El otro, cuyo nombre era Leonard Crane, venía directamente de una tosca y casi cockney oficina de constructores y agentes inmobiliarios que, situada en un barrio cercano, se erigía al sol al final de una hilera de casuchas mal levantadas y en la que llamaban la atención multitud de planos de colores muy vivos y carteles de letras muy grandes. No obstante, cualquier observador concienzudo, tras un segundo vistazo, hubiera sido capaz de percibir en sus ojos algo de ese brillante ensueño que suele asociarse con los visionarios. Su pelo rubio, si no afectadamente largo, sí resultaba aseado por naturaleza. Parecía una verdad manifiesta a la vez que melancólica que el arquitecto era un artista, si bien el temperamento puramente artístico distaba mucho de explicar su conducta. Había en él algo más que no resultaba fácil de definir y que algunos presentían que incluso podía llegar a ser peligroso. No en vano, a pesar de su aspecto soñador, era a veces capaz de sorprender a sus amistades con la práctica de artes y deportes que resultaban muy diferentes de los de su rutina habitual, justo como si fuesen recuerdos de alguna existencia anterior. En esta ocasión, sin embargo, se apresuró a negar cualquier tipo de autoridad en la afición de su interlocutor.

—Debo serle sincero —dijo con una sonrisa—. Apenas sé lo que es un arqueólogo, si bien el hecho de que suele estar en contacto con restos enmohecidos de los antiguos griegos sugiere que es alguien que estudia cosas antiguas.

—En efecto —respondió Haddow con cierta sequedad—. Un arqueólogo es alguien que estudia las cosas antiguas para acabar descubriendo que en realidad son nuevas.

Crane le miró fijamente durante un momento y luego volvió a sonreír.

—¿Está usted sugiriendo —dijo— que algunas de esas cosas de las que hablamos y que se cuentan entre las cosas antiguas al final resultan no ser tan antiguas?

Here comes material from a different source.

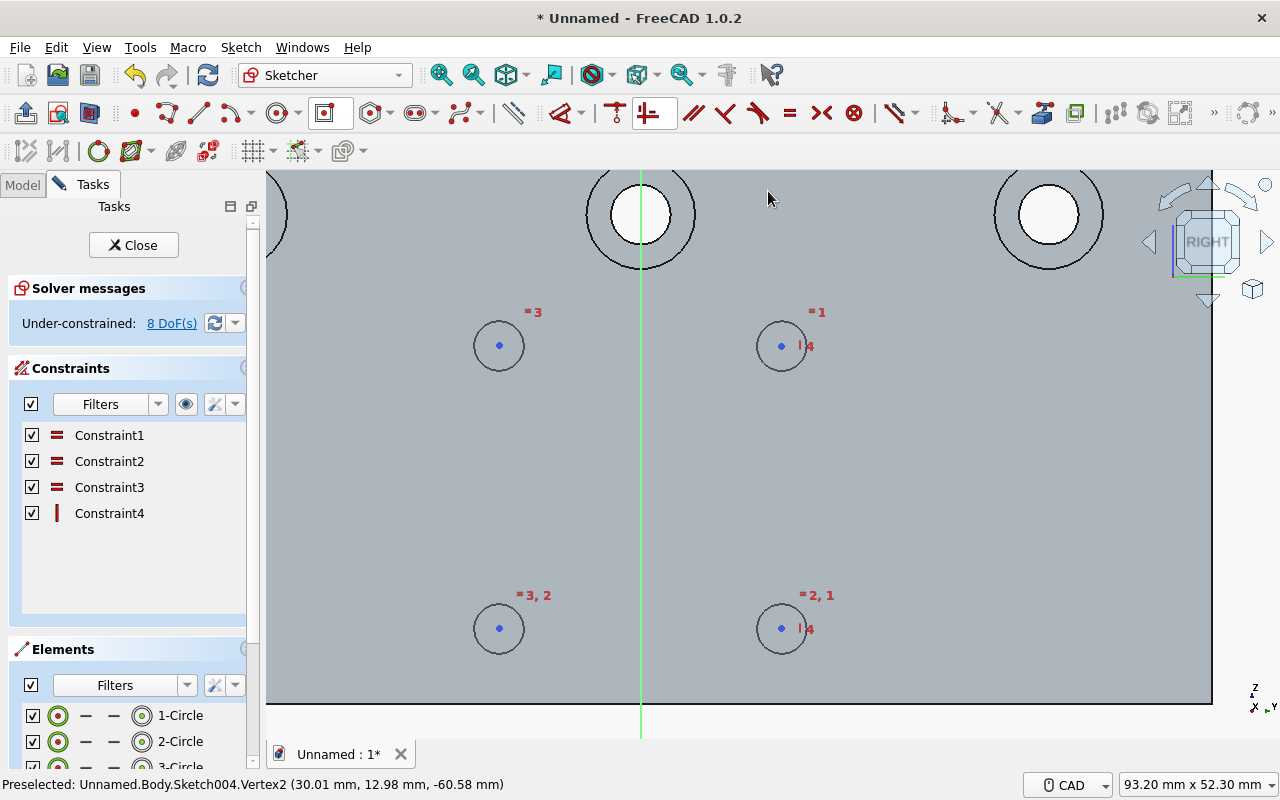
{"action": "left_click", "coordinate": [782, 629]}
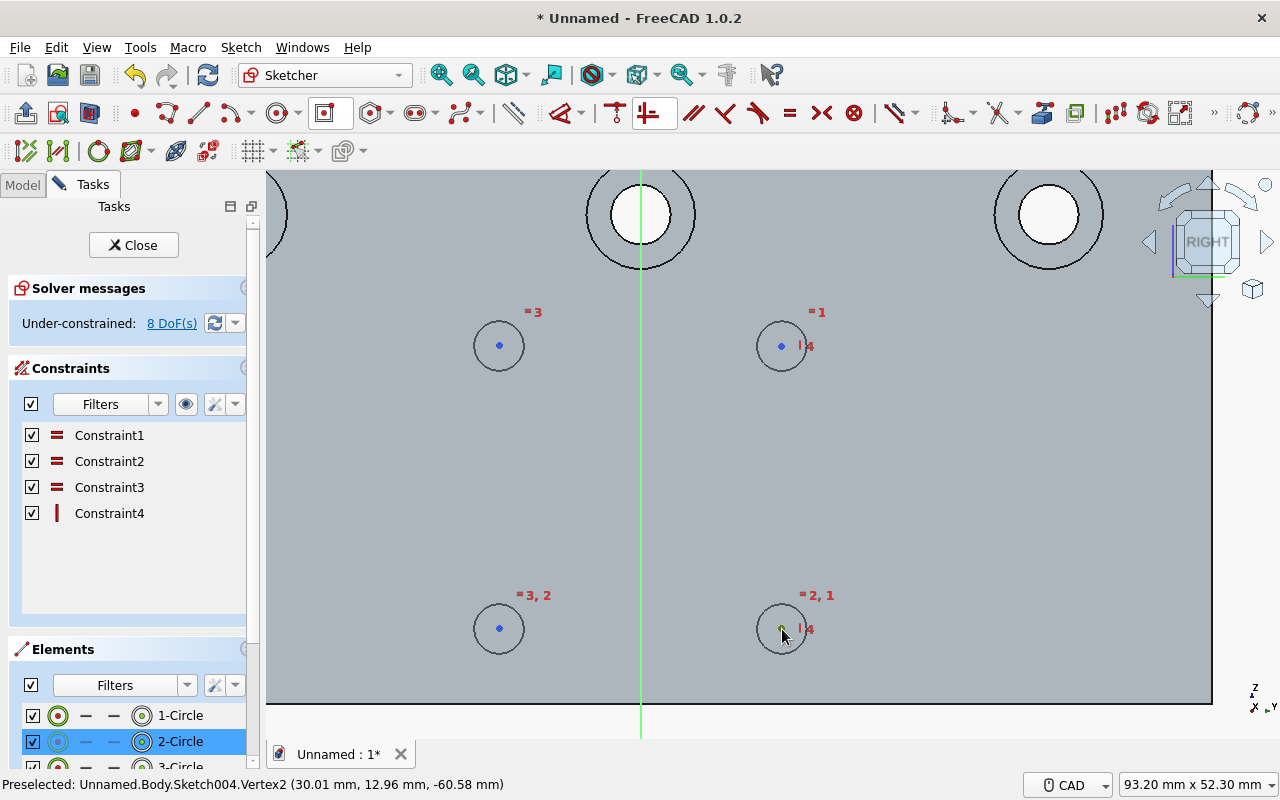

Su interlocutor permaneció también en silencio por un momento, tras lo cual la sonrisa se tornó más débil entre las duras facciones de su rostro mientras respondía tranquilamente:

—Le pondré un ejemplo para que comprenda lo que quiero decir. El muro que rodea este parque es verdaderamente antiguo. La única puerta que hay en él es gótica, y no es posible encontrar en ella rastro alguno de destrucción o restauración. Pero en cuanto a la casa y la finca en general… bueno, lo más pintoresco que puede llegar a encontrarse en ellas son algunas historias que a menudo resultan bastante recientes, casi como novelas de moda. Por ejemplo, el nombre mismo de este lugar, Prior’s Park, lleva a todo el mundo a pensar en él como en una siniestra abadía medieval iluminada por la luz de la luna, razón por la cual me atrevería incluso a decir que los espiritistas ya deben de haber descubierto en el lugar el fantasma de algún que otro monje. Pero según el único estudio fiable en la materia que he podido encontrar, el lugar fue bautizado simplemente como Prior’s al igual que cualquier paraje rural podría llamarse Podger’s. Esto quiere decir que alguna vez fue la casa de un tal Mr. Prior, y que es probable que se tratase de alguna especie de alquería que tuviera especial relevancia en la localidad. Hay una buena cantidad de ejemplos de lo mismo por todos lados. Este barrio en el que nos hallamos, sin ir más lejos, era antiguamente un pueblo, y debido a que algunos de sus habitantes se comían la mitad de las letras del nombre del lugar, pronunciándolo Holliwell, muchos poetas menores se permitían fantasear acerca del mismo hablando de un Pozo Sagrado y de hechizos, hadas y todas esas cosas, llegando incluso a llenar las salas de estar de muchas de las casas del vecindario con elementos del horóscopo celta. Sin embargo, cualquiera que estuviese al corriente de los hechos sabría que «Hollinwall» significa simplemente «agujero en el muro», en probable referencia a algún accidente de lo más trivial. A eso es a lo que me refiero cuando digo que no encontramos tanto cosas antiguas como hallamos otras nuevas.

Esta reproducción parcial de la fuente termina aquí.